Il muro di cui nessuno parla di Gianandrea Gaiani
Secondo il vocabolario Treccani della lingua italiana “terrorismo” è “L’uso di violenza illegittima, finalizzata a incutere terrore nei membri di una collettività organizzata e a destabilizzarne o restaurarne l’ordine, mediante azioni quali attentati, rapimenti, dirottamenti di aerei e sim.; possono farvi ricorso sia gruppi, movimenti o formazioni di vario genere (ma anche individui isolati), che vogliono conseguire mutamenti radicali del quadro politico-istituzionale, sia apparati, istituzionali o deviati, di governo interessati a reprimere il dissenso interno e a impedire particolari sviluppi politici.”
La definizione oggettiva di “terrorismo” appena citata si addice perfettamente alle azioni esecrabili e atroci dello Stato islamico, alle decapitazioni, alle barbare uccisioni le cui immagini rimbalzano sui social networks e sulla carta stampata. Immagini che inorridiscono, che fanno sussultare e che scatenano condanne sia da parte islamica sia da parte occidentale. La barbarie è sotto gli occhi di tutti grazie alle pubblicazioni, ai comunicati, ai video dei seguaci di Abu Bakr al-Baghdadi, di al-Qaeda, dei Boko Haram. La disumanità del terrorismo di matrice islamica è ancora più vicina e palpabile quando colpisce l’occidente stesso, come nel caso dei recenti attentati a Charlie Hebdo e al supermercato kosher a Parigi.

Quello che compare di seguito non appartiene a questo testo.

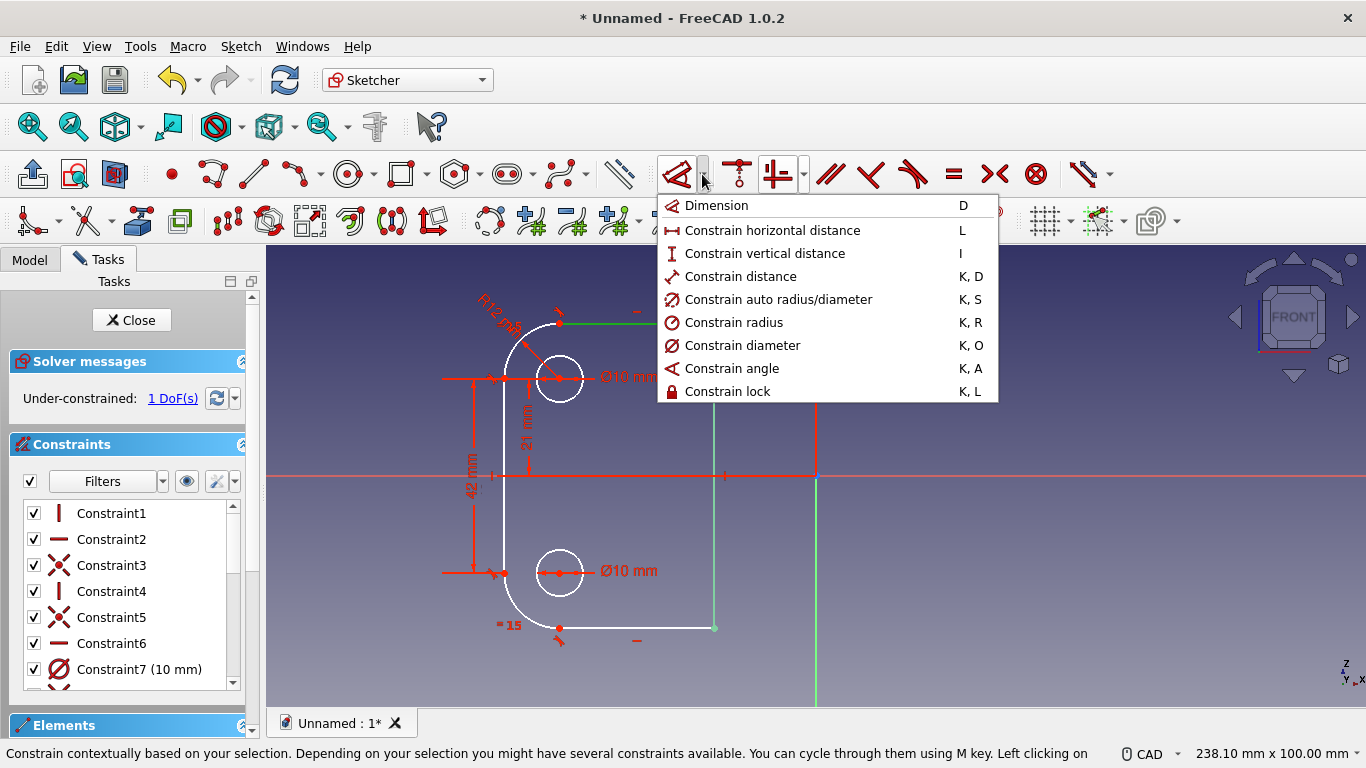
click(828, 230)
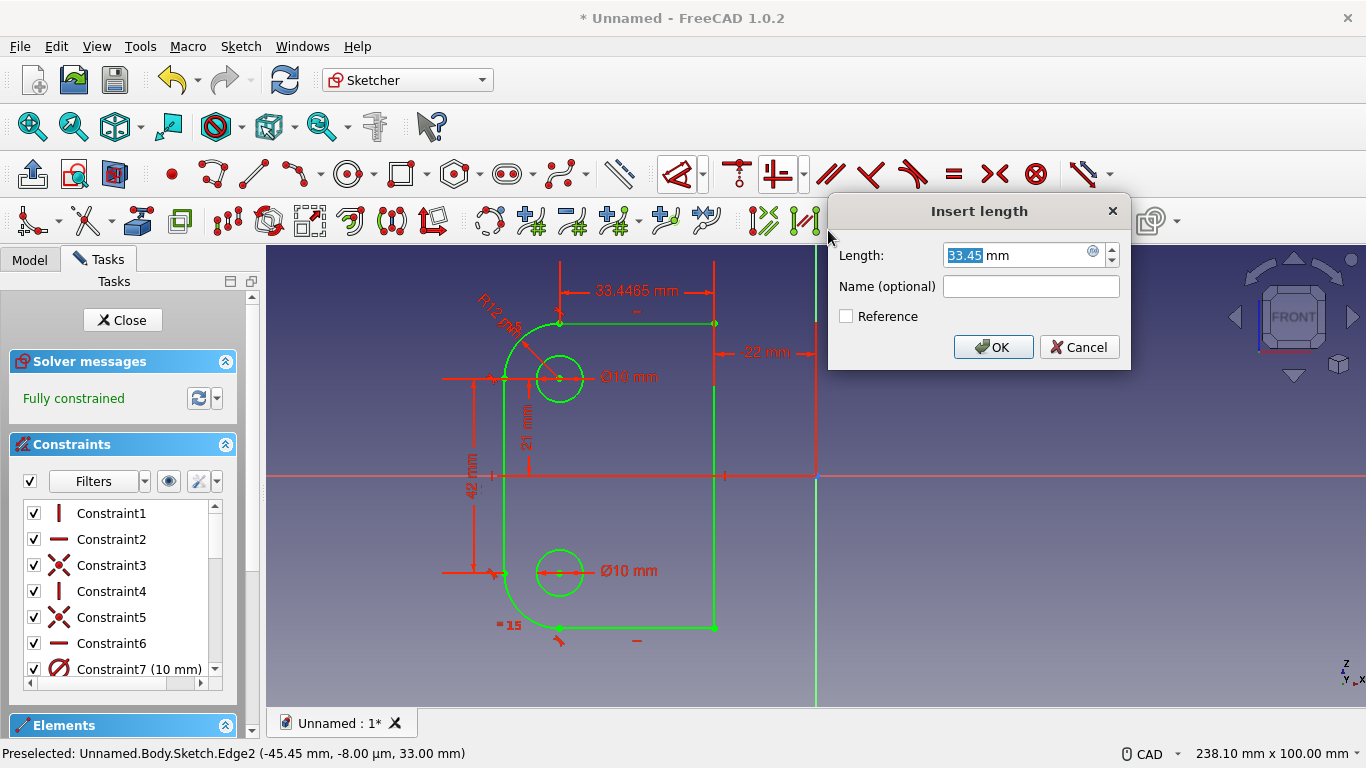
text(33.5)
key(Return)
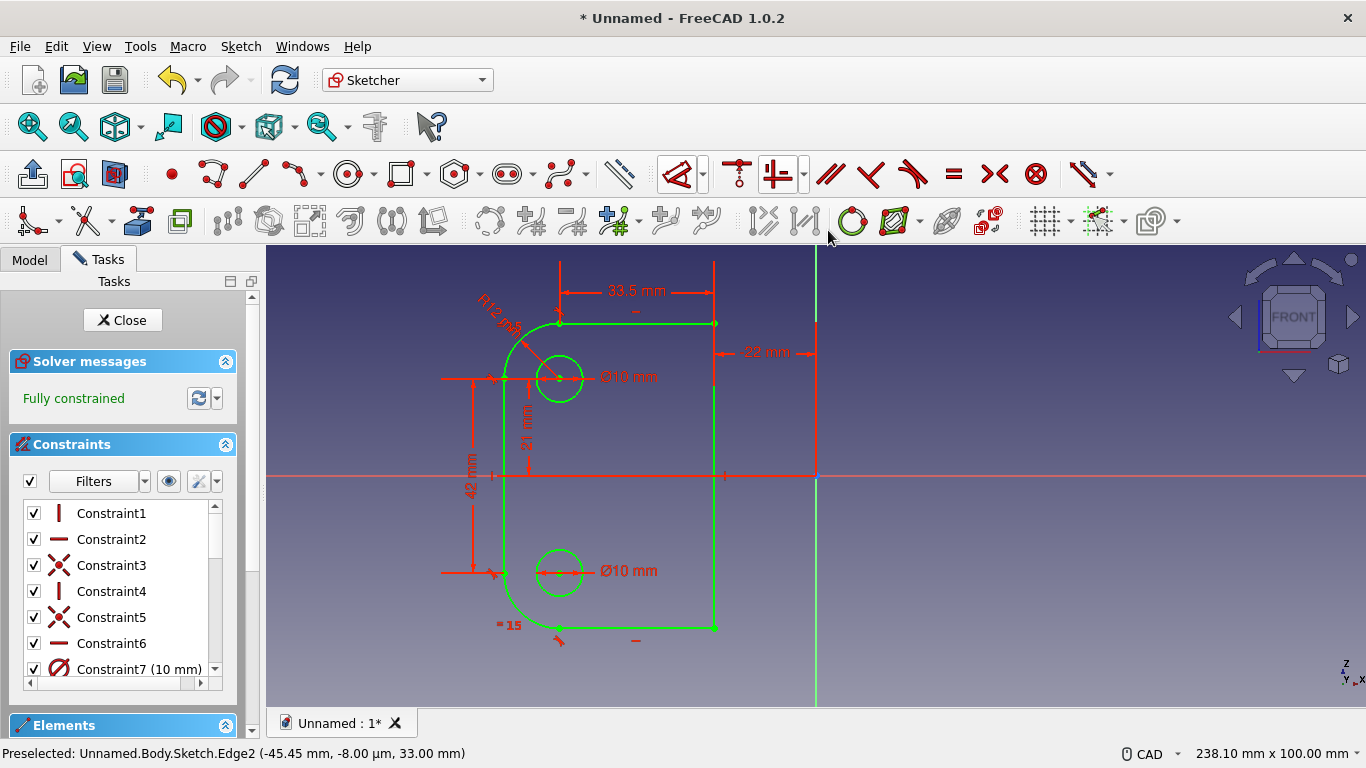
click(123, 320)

Purtroppo aldilà dell’intervento militare della coalizione internazionale, aldilà di azioni repressive, espulsioni e arresti, aldilà dell’innalzamento delle misure di sicurezza nazionali e internazionali, non esiste altra possibilità di esercitare pressioni su un sedicente Stato islamico tantomeno su un sedicente califfo, nel caso dell’IS, né su un’organizzazione a livello globale che non ha un territorio definito e che non riconosce né le convenzioni internazionali né il diritto occidentale, nel caso di Al Qaeda, né su Boko Haram.
Tuttavia esiste uno Stato, tra l’altro membro della coalizione anti-IS, che decapita, flagella e perseguita alla luce del sole, ma i cui crimini non vengono resi noti, o solo da organizzazioni per i diritti umani, e quindi per i più non esistono. Mi riferisco all’Arabia Saudita. Qui pochi giorni fa una donna è stata decapitata sulla pubblica piazza, qui nel 2014 sono state decapitate 87 persone. Non solo, venerdì prossimo, Raif Badawi, blogger trentenne, riceverà la seconda porzione di cinquanta frustate su un totale di mille per avere criticato le istituzioni saudite e per avere fondato un blog di pensatori liberali. Anche l’avvocato di Raif, Waleed Abu al-Khayr è stato condannato a 15 anni in base alla legge anti-terrorismo per avere promosso indagini sui diritti umani nel paese. Non si hanno nemmeno notizie di due attiviste – Lujayn al-Hathloul e Maysa al-Amoudi – arrestate per avere osato guidare. Uno shaykh sciita, Nimr al-Nimr, è stato condannato a morte per avere intrattenuto rapporti con la propria comunità religiosa, spesso perseguitata nel Regno saudita. Qui tre figlie del re sono agli arresti domiciliari da anni e non possono lasciare il paese perché la loro madre ha osato offendere l’ex-marito non accettando di volere ritornare da lui dopo che lui stesso l’aveva allontanata.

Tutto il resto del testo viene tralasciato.